Examples of discrepancies in research data metadata quality and levels of openness.

There are strong motivators for pharmaceutical companies to share data transparently. Doing so can improve public perception and trust. This is particularly important in sensitive areas like vaccine development or treatments for major diseases. However, organisations like OpenTrials have demonstrated some of the reluctance to give up any competitor advantages. We also see in the chart above that the destination for research data can produce consistency problems. Some research areas, or even filetypes, are lucky to be supported by subject specific repositories. At Figshare, in line with community best practices, we advise researchers to publish in subject specific repositories where possible. If there are none available, then your University data repository (if they have one), is the next best bet – and finally a generalist repository. The reason for this recommendation is that the support for researchers, and subsequent metadata quality is highest in subject-specific repositories. As it is unreasonable to expect funders to provide a subject-specific repository for every research type – in order to move more research data to the upper right quadrant of the above chart, we should encourage more resources for generalist repositories, or provide thematic repositories. That is, data repositories based around a specific subject, with subject specific metadata. This is a step up from generalist repository use.
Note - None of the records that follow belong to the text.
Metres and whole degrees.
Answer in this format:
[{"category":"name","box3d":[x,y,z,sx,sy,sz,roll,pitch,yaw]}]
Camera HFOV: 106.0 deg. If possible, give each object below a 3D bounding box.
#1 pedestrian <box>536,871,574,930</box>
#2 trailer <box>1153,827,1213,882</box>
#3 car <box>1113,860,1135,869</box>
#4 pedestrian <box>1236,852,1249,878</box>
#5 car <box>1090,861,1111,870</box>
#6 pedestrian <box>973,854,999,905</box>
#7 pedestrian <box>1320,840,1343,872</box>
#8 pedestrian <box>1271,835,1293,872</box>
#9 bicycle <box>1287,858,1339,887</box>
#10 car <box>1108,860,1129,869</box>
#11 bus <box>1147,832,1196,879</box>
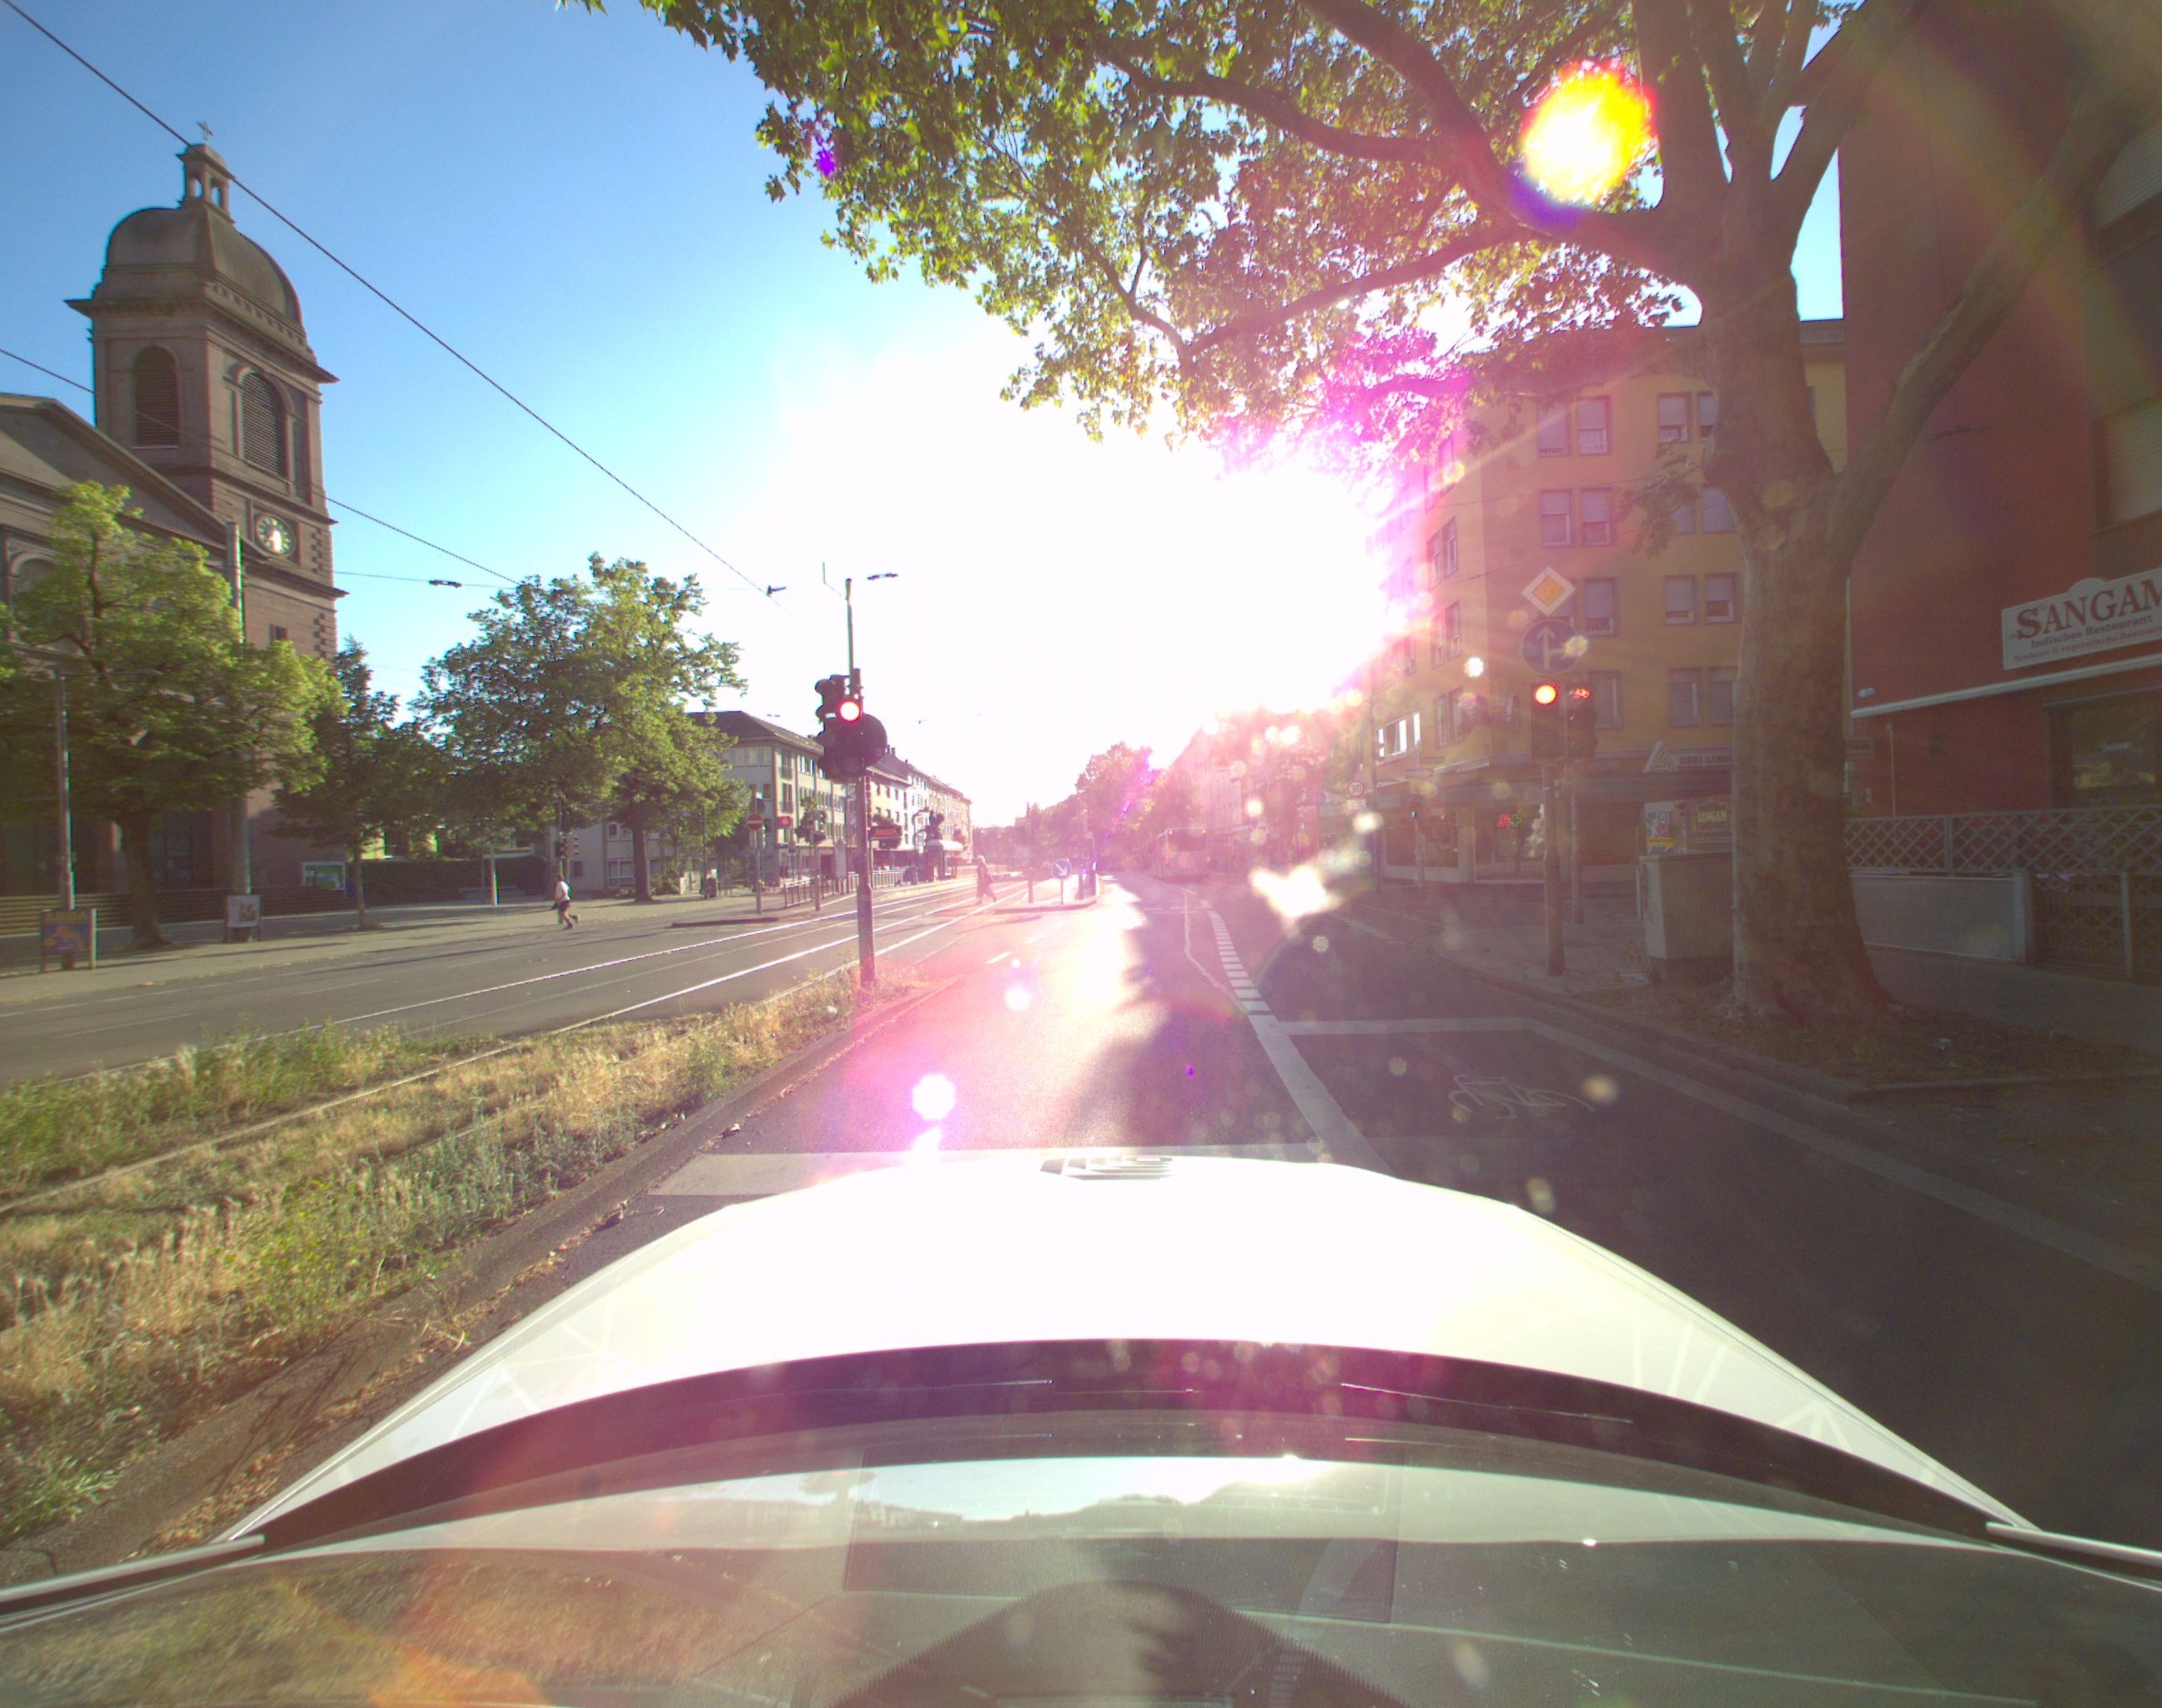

As the research data opportunity for low hanging research advances, progress may be delayed whilst we try to normalise the approach at the subject, country and organisational-type level. We should however celebrate the progress that has been made in the last decade. There is a huge amount to be gained by addressing the fragmented set up we currently have. Fortunately, we have a solid framework with global buy-in in FAIR. We are moving forward in good open data publishing from all angles, from funding to training. As such, research data has a monumental opportunity to become un-fragmented in a way that the traditional publication may never get to!